Il video che avresti dovuto realizzare era per la Reggia?
“No, non era un video per la Reggia, era un video mio, utilizzando il set della Reggia, in quel caso il Bagno di Venere, un laghetto all’interno del Giardino Inglese della Reggia, dove c’è una scultura, Venere. Da lì mi ero un po’ ispirato, ma era un linguaggio prettamente performativo ed artistico, non cinematografico, quindi era un’idea molto diversa, poi è diventata un film“.
Perciò in “Anime borboniche” si vede il Bagno di Venere?
“Sì, ci siamo tornati, c’è la scena dove il povero assistente che si chiama Marco lo va cercando e questo artista sprovveduto sta a farsi il bagno con le ragazze, le dame. Sì, siamo tornati nel luogo del delitto“.
L’input della mancanza d’ispirazione, che può ricordare la poetica di “Otto e mezzo” di Federico Fellini, non si avverte quasi… Mentre comunichi, come se fosse in 4D, il calore di quella terra…

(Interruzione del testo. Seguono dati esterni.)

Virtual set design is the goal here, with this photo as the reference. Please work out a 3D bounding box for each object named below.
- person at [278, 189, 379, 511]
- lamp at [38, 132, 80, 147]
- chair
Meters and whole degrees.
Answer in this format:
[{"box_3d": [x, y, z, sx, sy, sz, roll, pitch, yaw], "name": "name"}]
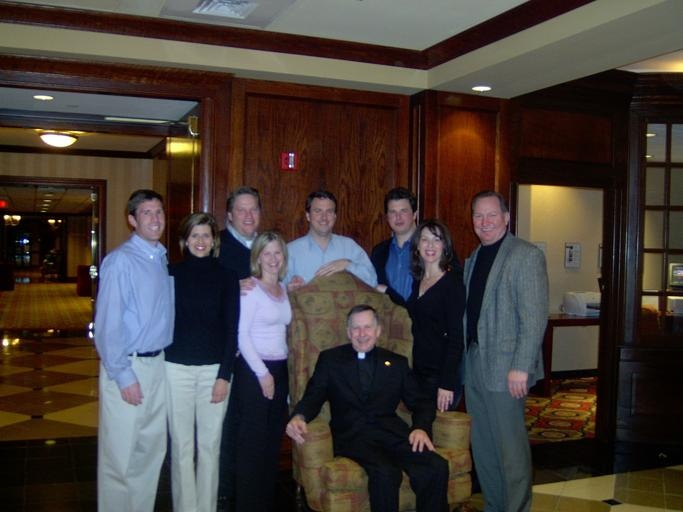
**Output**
[{"box_3d": [-0.147, 0.240, 4.370, 0.942, 1.419, 0.742, -2, 4, 1], "name": "person"}, {"box_3d": [-4.154, -1.721, 8.103, 0.389, 0.182, 0.425, -2, 1, -1], "name": "lamp"}, {"box_3d": [0.439, 0.902, 4.122, 1.331, 1.637, 1.367, 2, -10, -20], "name": "chair"}]
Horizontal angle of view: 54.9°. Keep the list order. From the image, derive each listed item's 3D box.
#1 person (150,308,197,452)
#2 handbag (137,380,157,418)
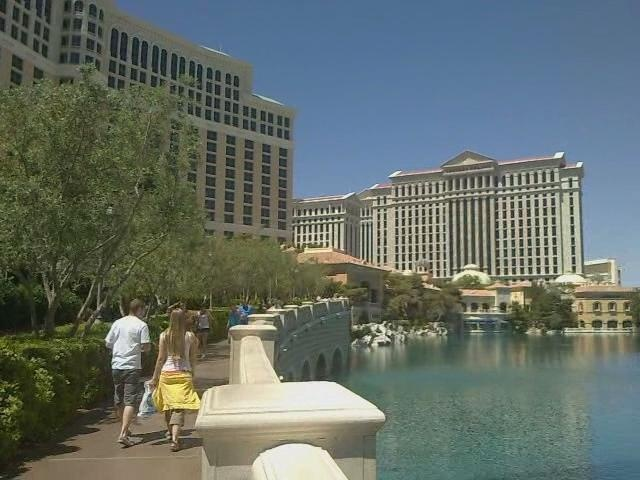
[{"bbox_3d":[-2.685,2.581,11.496,0.883,2.610,0.909,3,-3,-15],"label":"person"},{"bbox_3d":[-3.158,2.931,11.366,0.294,0.626,0.378,3,-4,-14],"label":"handbag"}]
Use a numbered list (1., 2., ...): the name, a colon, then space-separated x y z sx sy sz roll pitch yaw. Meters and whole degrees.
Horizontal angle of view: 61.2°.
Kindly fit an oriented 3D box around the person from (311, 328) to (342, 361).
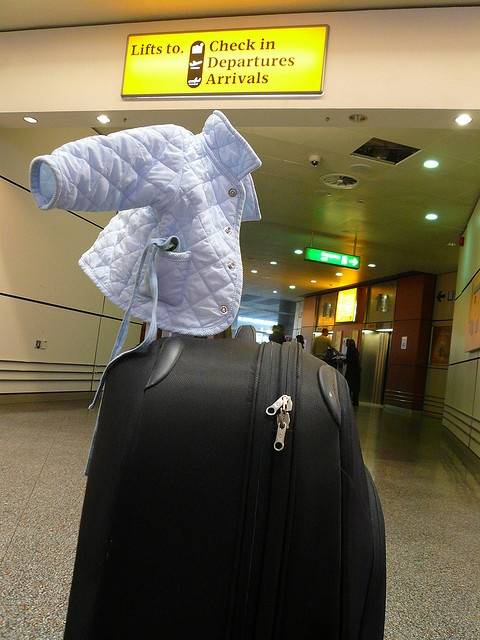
1. person: 2.502 0.607 9.983 0.879 1.147 0.638 1 -9 -1
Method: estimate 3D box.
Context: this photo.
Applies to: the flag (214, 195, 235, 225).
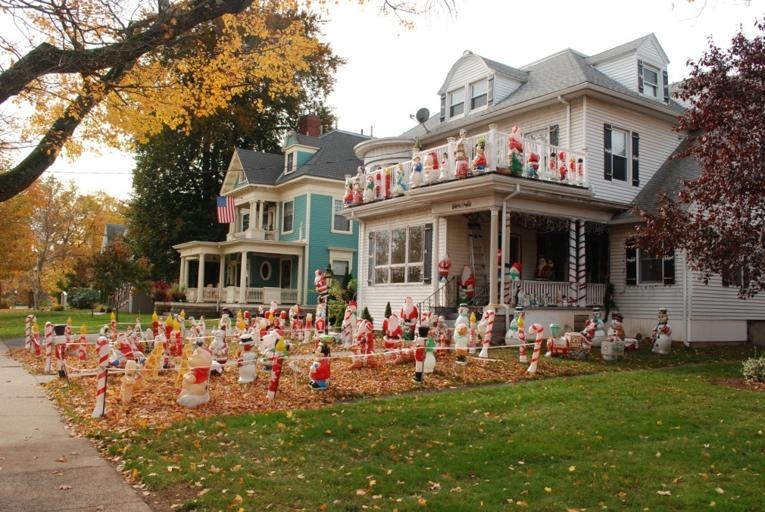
[{"bbox_3d":[-8.206,-2.495,35.949,0.873,1.381,1.194,-2,8,-10],"label":"flag"}]
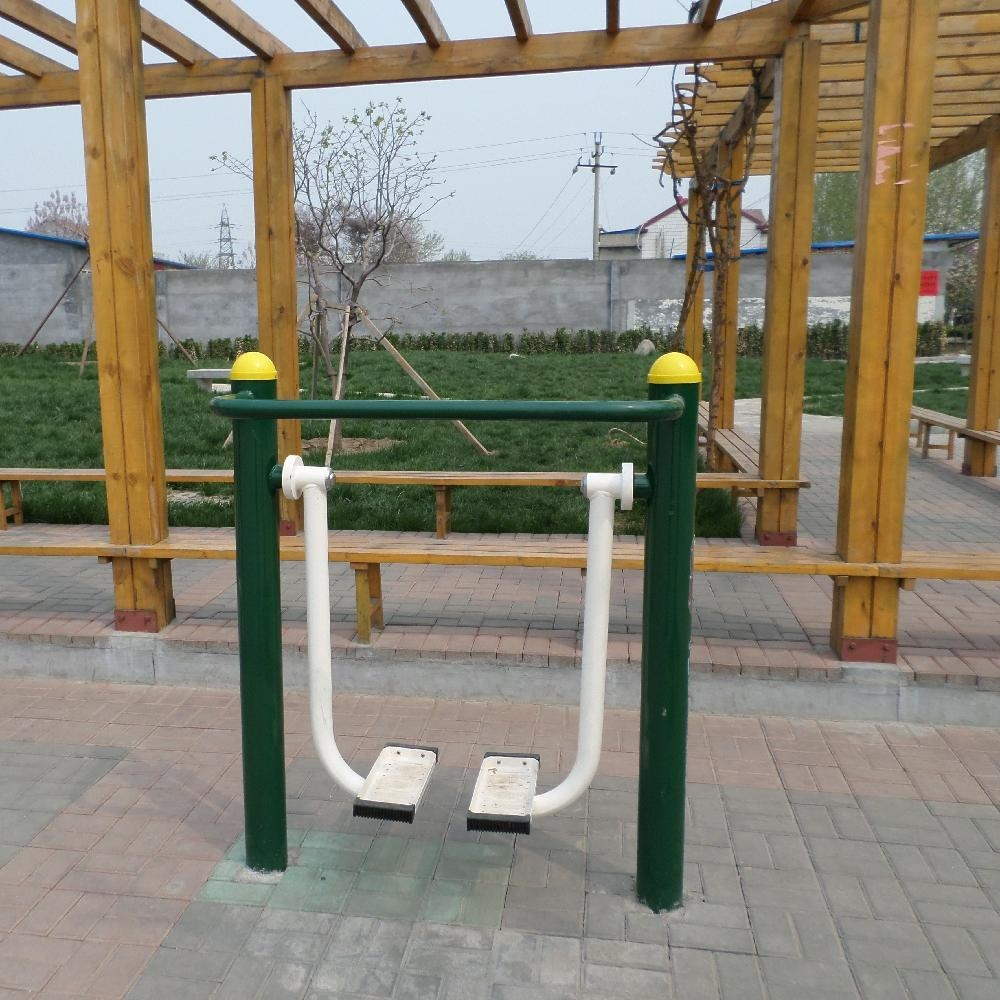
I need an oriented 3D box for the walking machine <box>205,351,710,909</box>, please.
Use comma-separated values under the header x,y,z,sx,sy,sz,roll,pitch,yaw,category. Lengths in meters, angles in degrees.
x,y,z,sx,sy,sz,roll,pitch,yaw,category
-0.162,0.408,3.133,1.437,1.679,0.529,1,12,9,walking machine
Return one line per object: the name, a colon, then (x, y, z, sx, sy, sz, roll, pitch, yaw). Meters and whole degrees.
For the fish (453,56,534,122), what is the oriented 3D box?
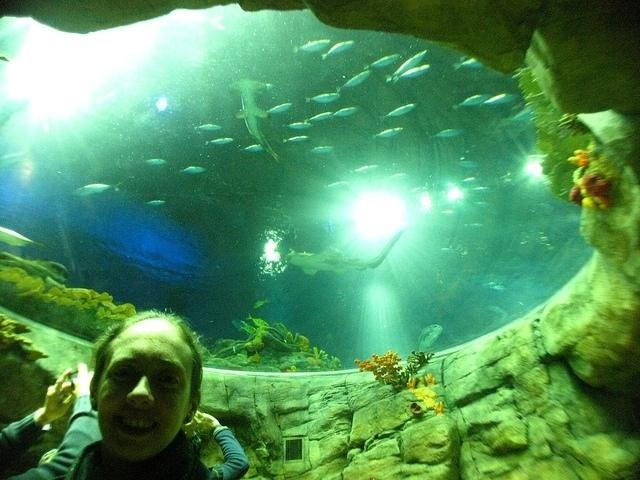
fish: (4.609, -4.092, 16.625, 2.325, 0.799, 1.240, 18, -70, -16)

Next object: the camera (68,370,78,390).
camera: (-5.225, 2.969, 12.668, 0.188, 0.165, 0.470, 4, -81, 7)
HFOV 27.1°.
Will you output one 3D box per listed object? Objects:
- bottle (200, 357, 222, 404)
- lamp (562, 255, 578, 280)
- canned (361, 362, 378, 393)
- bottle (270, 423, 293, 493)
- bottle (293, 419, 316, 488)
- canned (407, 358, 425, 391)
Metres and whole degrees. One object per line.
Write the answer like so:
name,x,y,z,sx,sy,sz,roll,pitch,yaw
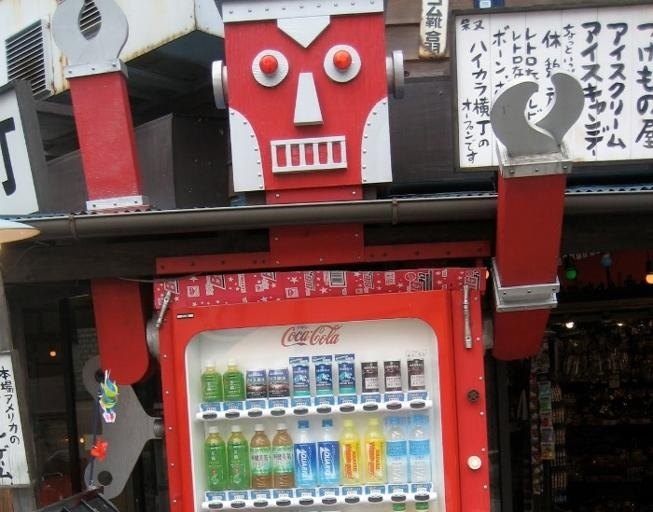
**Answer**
bottle,-1.019,1.087,11.820,0.186,0.350,0.119,-1,-8,-7
lamp,2.428,0.117,13.495,0.116,0.350,0.185,-3,-33,8
canned,0.374,1.044,11.739,0.142,0.263,0.069,-1,-8,-11
bottle,-0.391,1.730,11.795,0.195,0.554,0.138,-1,-8,-5
bottle,-0.192,1.714,11.786,0.200,0.580,0.142,-2,-8,-2
canned,0.784,1.022,11.733,0.162,0.275,0.133,-1,-8,-5

“L’idea di ‘L’amore vero’ è quel mix tra arte e cinema che si portava dietro la storia di un marito e una moglie un po’ improbabili che però erano tutto ‘core’ casertano e che partecipavano a queste rappresentazioni. ‘Anime borboniche’ ha ampliato un pochino questo concetto di appartenenza e anche di purezza“.
Come ti consideri in questo momento: un artista a 360 gradi o un artista che sta sposando sempre più il linguaggio cinematografico?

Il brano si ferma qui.